While some writers have contributed to an informed nuanced narrative of illicit drug
taking (Aldridge et al., 2011; Seddon, 2010; Stevens, 2011), political rhetoric and UK
media coverage of drug policy deliver a strong ideological crusade against what they call
‘drugs’, focusing almost exclusively upon the damaging consequences arising from a
minority of problematic drug users, and conveniently conflating drug use with drug misuse, resulting in a negative portrayal and stereotype of the ‘drug user’ (UKDPC, 2012).
The dominant prohibitionist discourse on ‘drugs’ then takes place within a framework
preoccupied by compulsion, pain and pathology (O’Malley and Valverde, 2004), in
which drug use is presented as an activity undertaken by a small group of risk bearing
‘outsiders’, that inevitably leads to desperation and addiction (Taylor, 2008).
Media representations frame ‘drugs’ as causing: petty crime (Salkeld, 2009); serious
crime (Stretch, 2014); organized crime (Daily Mail, 2013); mental illness (Byrne, 2011);
psychosis (Bloom, 2014); and physical and moral decay (Ayres and Jewkes, 2012) and
wrongly presents drug use as a significant causal factor in a range of societal problems
including: car accidents (Romano et al., 2014); workplace accidents (Price, 2014); disease (Ceste, 2010); and child abuse (Ryder and Brisgone, 2013), and so prohibition is
legitimized by the construction of ‘drugs’ as unsafe and extremely harmful.
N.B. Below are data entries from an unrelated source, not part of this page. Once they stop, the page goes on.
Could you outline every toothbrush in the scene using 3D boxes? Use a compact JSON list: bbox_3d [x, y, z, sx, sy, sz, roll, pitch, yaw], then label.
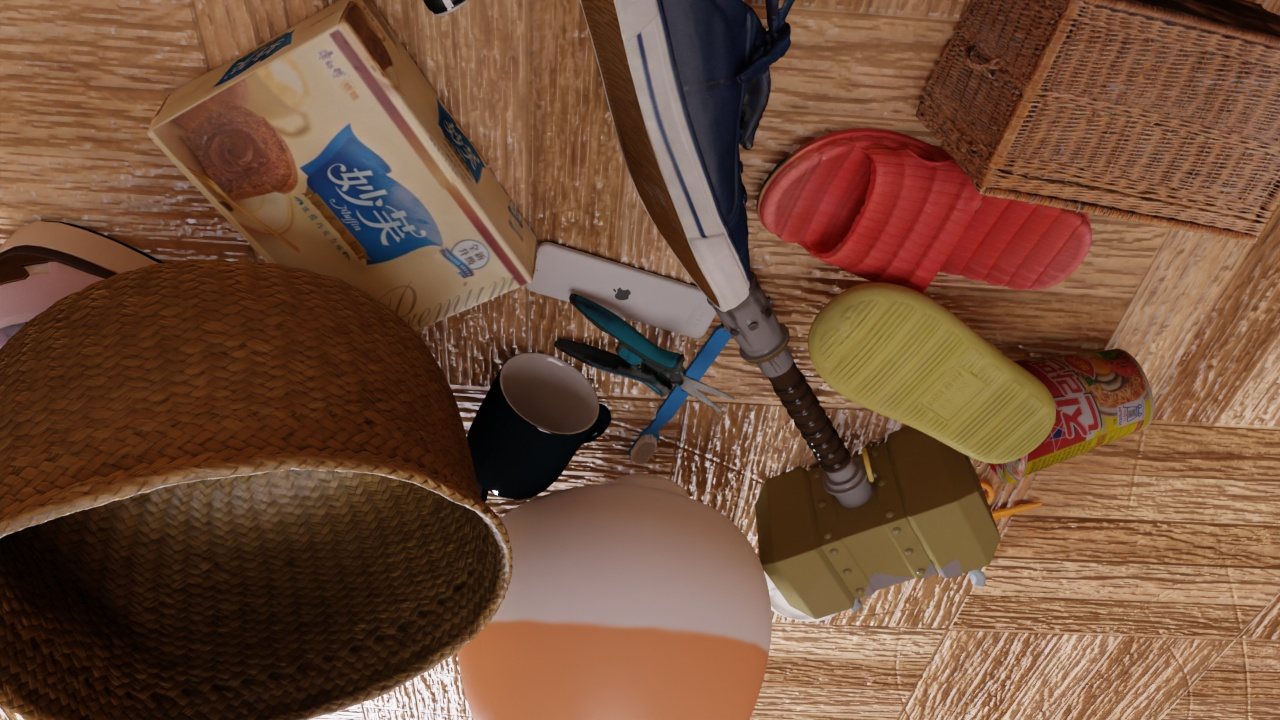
[{"bbox_3d":[0.032,0.032,0.766,0.016,0.014,0.167,20,128,-18],"label":"toothbrush"}]

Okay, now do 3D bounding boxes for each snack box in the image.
[{"bbox_3d":[-0.186,-0.112,0.607,0.153,0.055,0.207,-20,129,17],"label":"snack box"}]

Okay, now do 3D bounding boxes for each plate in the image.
[{"bbox_3d":[0.156,0.235,0.921,0.104,0.026,0.104,13,135,13],"label":"plate"}]

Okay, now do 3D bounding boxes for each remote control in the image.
[{"bbox_3d":[-0.012,-0.052,0.694,0.146,0.008,0.045,15,130,-14],"label":"remote control"}]

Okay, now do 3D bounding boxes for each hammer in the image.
[{"bbox_3d":[0.141,0.055,0.741,0.191,0.100,0.325,-24,122,19],"label":"hammer"}]

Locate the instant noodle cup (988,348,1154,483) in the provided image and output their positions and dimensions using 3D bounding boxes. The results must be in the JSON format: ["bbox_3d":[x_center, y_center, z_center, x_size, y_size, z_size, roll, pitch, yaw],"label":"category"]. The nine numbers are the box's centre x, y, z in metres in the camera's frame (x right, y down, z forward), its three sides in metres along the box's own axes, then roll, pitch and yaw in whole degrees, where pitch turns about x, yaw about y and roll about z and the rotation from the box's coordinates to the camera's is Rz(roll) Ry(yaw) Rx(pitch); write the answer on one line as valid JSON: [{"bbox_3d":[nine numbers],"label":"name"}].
[{"bbox_3d":[0.333,0.035,0.728,0.112,0.100,0.100,-15,131,1],"label":"instant noodle cup"}]

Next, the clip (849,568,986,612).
[{"bbox_3d":[0.288,0.205,0.908,0.164,0.031,0.169,0,144,-11],"label":"clip"}]

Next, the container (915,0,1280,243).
[{"bbox_3d":[0.283,-0.156,0.536,0.198,0.113,0.113,9,126,-11],"label":"container"}]

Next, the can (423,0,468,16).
[{"bbox_3d":[-0.125,-0.236,0.512,0.032,0.031,0.080,-19,129,16],"label":"can"}]

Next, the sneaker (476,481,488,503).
[{"bbox_3d":[-0.249,0.158,0.836,0.160,0.092,0.257,27,125,-13],"label":"sneaker"}]

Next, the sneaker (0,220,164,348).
[{"bbox_3d":[-0.335,0.017,0.679,0.112,0.116,0.293,-36,123,27],"label":"sneaker"}]

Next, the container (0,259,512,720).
[{"bbox_3d":[-0.252,0.086,0.585,0.306,0.196,0.308,-14,141,-11],"label":"container"}]

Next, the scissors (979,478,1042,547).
[{"bbox_3d":[0.318,0.153,0.880,0.131,0.011,0.125,-27,129,23],"label":"scissors"}]

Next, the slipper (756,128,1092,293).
[{"bbox_3d":[0.204,-0.089,0.632,0.248,0.059,0.104,10,131,-11],"label":"slipper"}]

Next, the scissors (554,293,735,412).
[{"bbox_3d":[-0.006,-0.002,0.703,0.119,0.019,0.151,-15,125,42],"label":"scissors"}]

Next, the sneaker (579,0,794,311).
[{"bbox_3d":[0.050,-0.162,0.550,0.127,0.120,0.295,-24,129,-9],"label":"sneaker"}]

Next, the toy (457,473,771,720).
[{"bbox_3d":[-0.020,0.239,0.766,0.265,0.280,0.264,19,151,-34],"label":"toy"}]

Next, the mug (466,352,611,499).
[{"bbox_3d":[-0.077,0.055,0.750,0.121,0.085,0.095,-3,140,-39],"label":"mug"}]

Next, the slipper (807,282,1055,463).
[{"bbox_3d":[0.211,0.001,0.664,0.190,0.081,0.092,30,120,-9],"label":"slipper"}]
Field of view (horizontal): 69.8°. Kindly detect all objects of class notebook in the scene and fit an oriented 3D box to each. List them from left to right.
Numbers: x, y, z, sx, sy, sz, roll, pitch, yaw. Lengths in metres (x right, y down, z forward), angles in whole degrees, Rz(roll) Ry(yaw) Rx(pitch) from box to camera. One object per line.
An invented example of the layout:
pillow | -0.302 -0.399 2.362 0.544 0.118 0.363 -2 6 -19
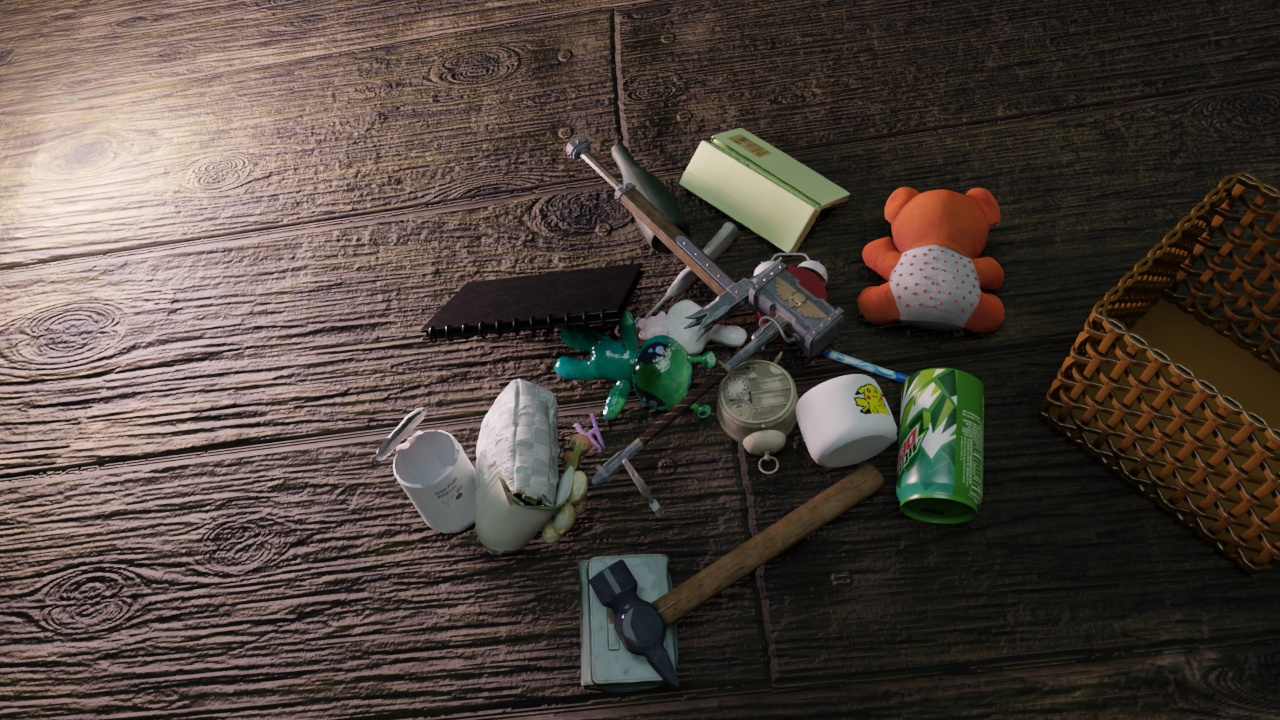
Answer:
notebook | -0.122 -0.069 1.070 0.232 0.019 0.168 -5 24 13

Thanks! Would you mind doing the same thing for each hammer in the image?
hammer | 0.019 -0.172 1.099 0.146 0.028 0.317 -36 67 -19
hammer | 0.072 0.026 0.979 0.321 0.044 0.098 -39 64 -15
hammer | 0.117 0.193 0.919 0.321 0.040 0.129 -28 75 -18

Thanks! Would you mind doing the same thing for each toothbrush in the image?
toothbrush | 0.004 0.129 0.913 0.010 0.181 0.010 -37 65 -6
toothbrush | 0.056 -0.101 1.124 0.024 0.022 0.185 46 74 -10

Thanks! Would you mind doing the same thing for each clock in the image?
clock | 0.131 0.058 1.005 0.093 0.055 0.140 -8 58 5
clock | 0.176 -0.074 1.076 0.087 0.044 0.124 0 61 9

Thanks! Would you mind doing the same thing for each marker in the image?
marker | 0.274 0.014 1.030 0.142 0.013 0.013 20 66 19

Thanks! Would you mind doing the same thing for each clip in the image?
clip | -0.052 0.080 1.047 0.051 0.014 0.045 23 65 24

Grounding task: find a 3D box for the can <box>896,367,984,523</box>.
can | 0.308 0.087 0.943 0.083 0.083 0.143 5 62 12

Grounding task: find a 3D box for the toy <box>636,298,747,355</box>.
toy | 0.059 -0.040 1.080 0.125 0.037 0.075 -11 64 6

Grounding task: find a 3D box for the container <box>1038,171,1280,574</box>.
container | 0.569 0.016 0.863 0.219 0.214 0.251 -40 63 -13

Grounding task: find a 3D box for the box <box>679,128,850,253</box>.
box | 0.154 -0.226 1.159 0.133 0.061 0.188 -42 63 -16

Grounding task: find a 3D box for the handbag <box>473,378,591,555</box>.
handbag | -0.113 0.111 0.986 0.123 0.113 0.171 13 47 -21

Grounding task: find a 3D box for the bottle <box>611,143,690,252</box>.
bottle | 0.004 -0.217 1.178 0.055 0.055 0.174 -25 59 -5

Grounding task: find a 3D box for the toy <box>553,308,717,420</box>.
toy | -0.006 0.006 1.052 0.193 0.072 0.131 14 103 20

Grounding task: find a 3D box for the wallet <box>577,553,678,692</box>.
wallet | -0.014 0.262 0.921 0.100 0.054 0.131 -8 65 6

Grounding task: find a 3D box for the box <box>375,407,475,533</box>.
box | -0.226 0.113 0.976 0.081 0.160 0.091 -37 51 -18

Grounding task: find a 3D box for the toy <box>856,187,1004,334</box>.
toy | 0.338 -0.116 1.054 0.164 0.093 0.172 7 75 16

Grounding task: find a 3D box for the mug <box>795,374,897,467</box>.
mug | 0.225 0.066 0.969 0.115 0.095 0.068 4 56 -32

Whereas in
contrast to the rhetoric, the reality is that the majority of illegal drug use is non-problematic, most commonly associated with leisure, pleasure and desired outcomes (Hunt et al.,
2010) and rarely does drug use lead to addiction (Cloud and Granfield, 2001) or require
treatment (Siliquini et al., 2005). Importantly, given the lack of empirical evidence to
uphold prohibition the rhetoric could be more accurately described as fallacies that have
their roots in the social and political construction of ‘drugs’ and a reductionist analysis
(Ayres and Jewkes, 2012). Crucially, this discourse employs and indeed perpetuates
these myths as the ongoing evidence base to provide legitimacy for prohibition.
Taylor et al.
457
By distorting the social reality surrounding drugs and drug users, the media provide the
‘reality effect’ of ideology (Hall, 1982). In symbolizing normality (Cohen, 1971) the media
constructed matrix of ‘drugs = danger = death’ provokes social conformity by frequent
graphic illustrations of the negative consequences associated with the use of these prohibited drugs. By engendering fear and highlighting extreme case stories, the media create a
hyper-reality constructing a ‘simulacrum’ of drug use (Baudrillard, 1994), what Baudrillard
(1983: 36) aptly refers to as a process ‘of proving the real by the imaginary; proving truth
by scandal’. Since the creation of the 1961 UN Single Convention this simulacrum of ‘drug
use’ has become more real and influential in shaping our perceptions, knowledge and policies on drugs, than rationality, science and evidence, and indeed worryingly, such distortions have been accepted and adopted by drug reformers (Reynolds, 2015).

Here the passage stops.